=== Task directions ===
The result should be an exact copy of only the lines from the one with "List of defects" through the last line of the data below, with pictures omitted.

--- Available data Enclosed Below ---

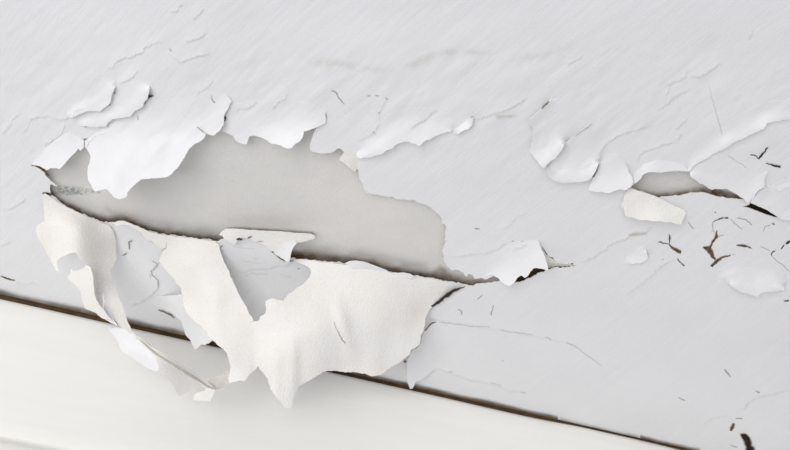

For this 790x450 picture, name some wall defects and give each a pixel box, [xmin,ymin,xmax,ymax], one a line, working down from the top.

peeling [529,98,790,224]
peeling [32,76,574,409]
crack [658,235,685,266]
crack [703,212,774,267]
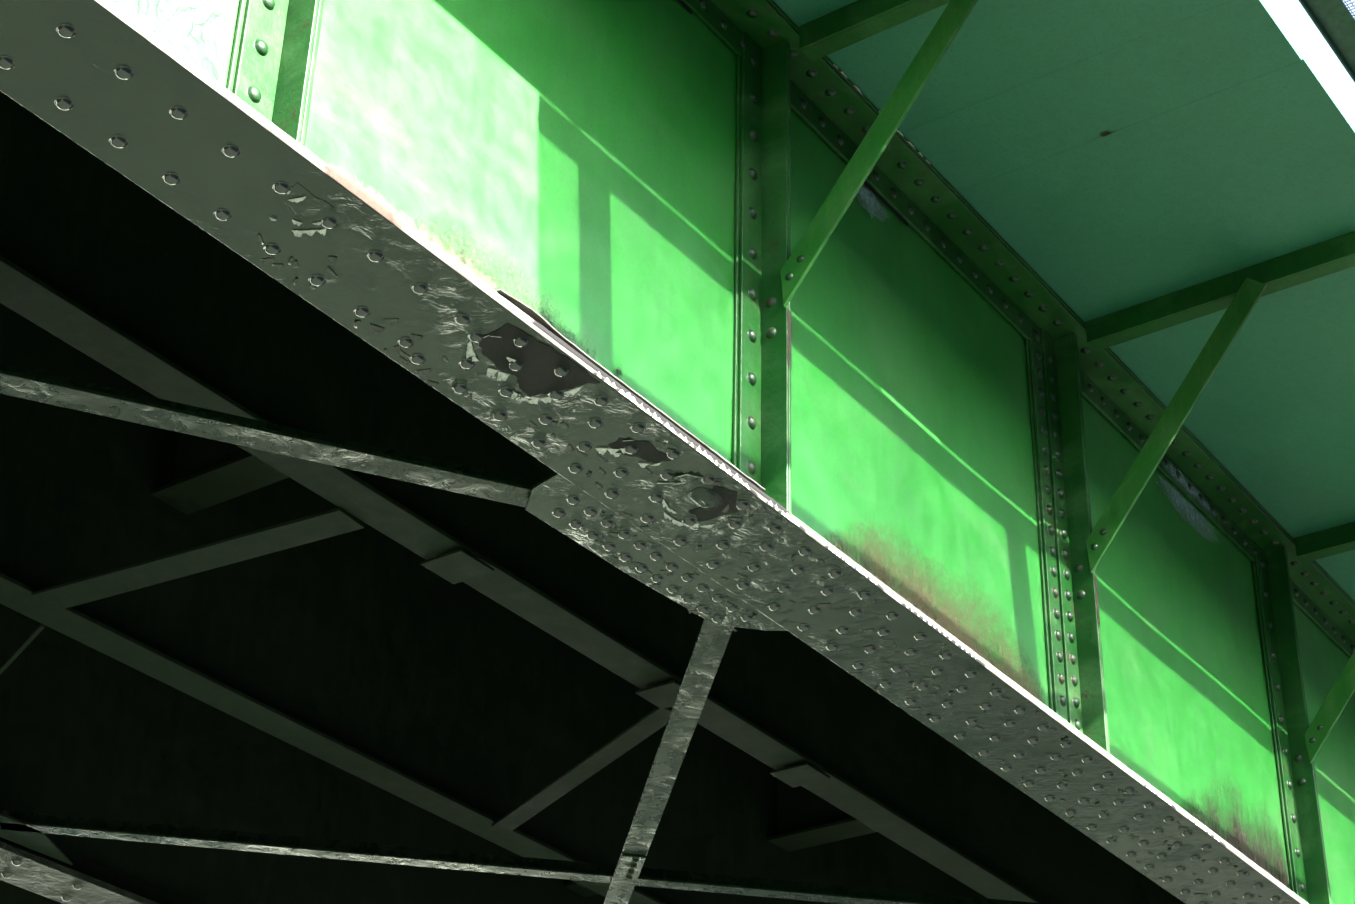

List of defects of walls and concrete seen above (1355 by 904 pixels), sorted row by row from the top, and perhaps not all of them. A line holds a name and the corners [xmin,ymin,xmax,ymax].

peeling [269,183,334,240]
spalling [354,319,806,532]
peeling [820,544,884,604]
rust [1187,798,1290,889]
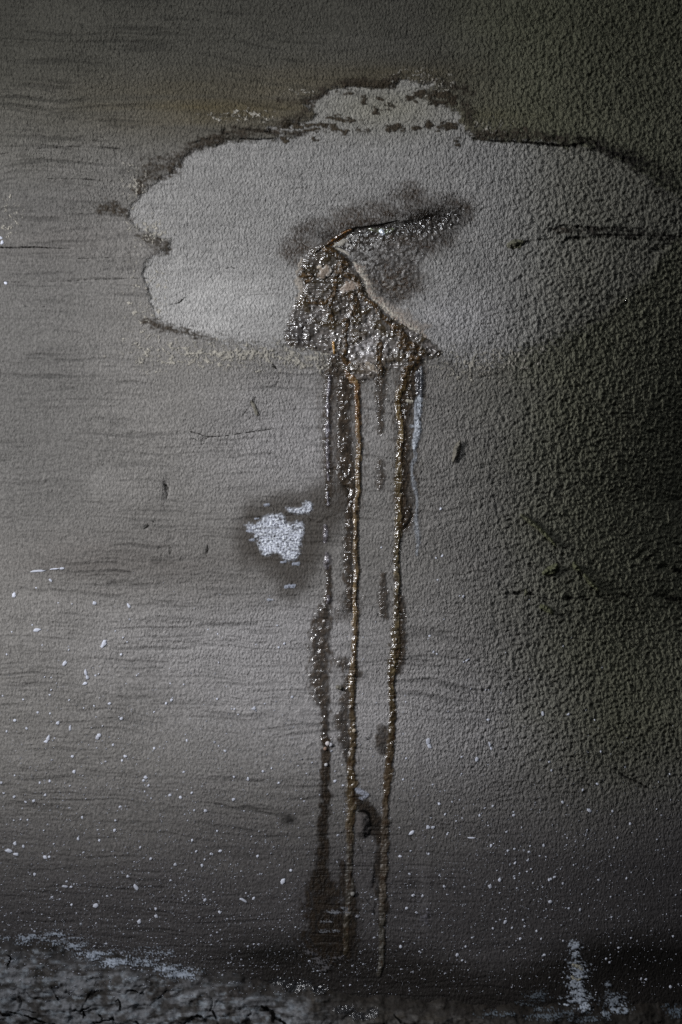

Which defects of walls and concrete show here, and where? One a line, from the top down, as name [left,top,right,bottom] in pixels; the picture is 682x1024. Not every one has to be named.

crack [340,220,400,234]
peeling [97,69,682,395]
efflorescence [246,502,312,565]
rust [301,350,420,976]
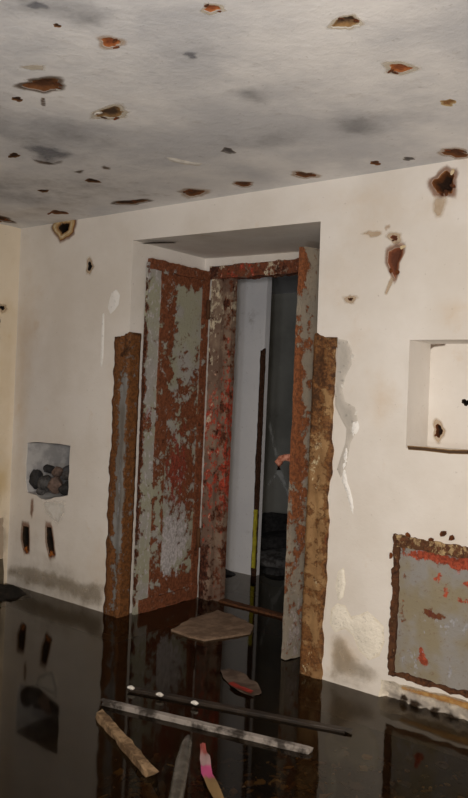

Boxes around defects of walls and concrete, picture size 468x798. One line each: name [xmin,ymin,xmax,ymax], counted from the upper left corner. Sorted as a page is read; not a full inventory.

--- End of Enclosed Available data ---

=== Answer box ===
List of defects of walls and concrete seen above (1355 by 904 pixels), sorted row by row from the top, and perhaps not all of them. A line holds a name and the corners [xmin,ymin,xmax,ymax].

peeling [269,183,334,240]
spalling [354,319,806,532]
peeling [820,544,884,604]
rust [1187,798,1290,889]

Which defects of walls and concrete show here, and where? One a line, from the top down, as name [left,top,right,bottom] in pixels; the picture is 682x1024. Not every one has to be named.

crack [340,220,400,234]
peeling [97,69,682,395]
efflorescence [246,502,312,565]
rust [301,350,420,976]

Boxes around defects of walls and concrete, picture size 468x798. One line each: name [xmin,ymin,xmax,ymax], counted from the upper left corner. Sorted as a page is read; not a full inventory.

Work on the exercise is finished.